Dans l’exercice éculé des vœux présidentiels, il y a cette année quelque chose de nouveau. François Hollande dit les mots habituels, « confiance »« espoir »« volonté », mais cette fois il les vit. Requinqué, presque résilient après une année éprouvante, omniprésent, comme ce matin encore sur France Inter. Il y croit.
A quoi au juste ? Difficile à dire. « En nous », disait-il le 31 décembre au soir. En l’économie française qui ne peut qu’aller mieux, assure-t-il, avec le pacte de responsabilité désormais opérationnel, la loi Macron sur les rails et Bruxelles se convertissant (prudemment) à l’investissement. A moins que ce ne soit surtout en lui. « L’année a été rude, j’ai tenu bon », a insisté le chef de l’Etat, dans une référence à ses difficultés personnelles.

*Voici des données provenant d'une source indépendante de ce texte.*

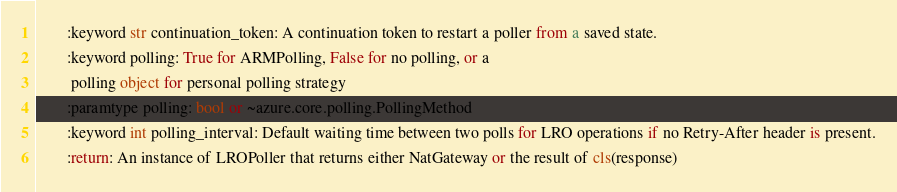Convert code to text. <code><loc_0><loc_0><loc_500><loc_500><_Python_>        :keyword str continuation_token: A continuation token to restart a poller from a saved state.
        :keyword polling: True for ARMPolling, False for no polling, or a
         polling object for personal polling strategy
        :paramtype polling: bool or ~azure.core.polling.PollingMethod
        :keyword int polling_interval: Default waiting time between two polls for LRO operations if no Retry-After header is present.
        :return: An instance of LROPoller that returns either NatGateway or the result of cls(response)</code>

Croire en la France, croire en lui-même, les deux ne sont pas incompatibles. J’ai surmonté les difficultés, le pays peut faire de même, semble même dire le président de la République. Thérapeute d’un pays qui ne s’aime pas assez, François Hollande propose le remède qui lui a réussi, l’optimisme et la confiance en lui.
La tâche est immense, si l’on en croit le sondage Ifop publié hier par « Ouest-France ». Avec seulement 29 % d’optimistes, le moral des Français n’a jamais été aussi bas qu’en ce début 2015, la défiance à l’égard du gouvernement n’a jamais été aussi haute.
Avec de tels niveaux, l’exercice thérapeutique de François Hollande n’est pas sans risque. S’il parvient à démontrer que le pays « repart », que les indices économiques virent au vert, un effet d’entraînement peut de fait se produire. S’il apparaît aux Français que le président va mieux parce que les circonstances politiques lui sont moins défavorables, que ses rivaux internes n’ont pas d’espace pour l’affronter, que Nicolas Sarkozy ne parvient pas à retisser le lien avec l’opinion et que Marine Le Pen reste un adversaire de second tour fragile, alors le résultat pourrait être tout autre. Les Français pourraient y lire du calcul politique, c’est-à-dire tout ce qui a concouru et concourt encore à creuser le fossé avec leurs dirigeants.
Dans un pays déprimé, l’optimisme est une arme boomerang.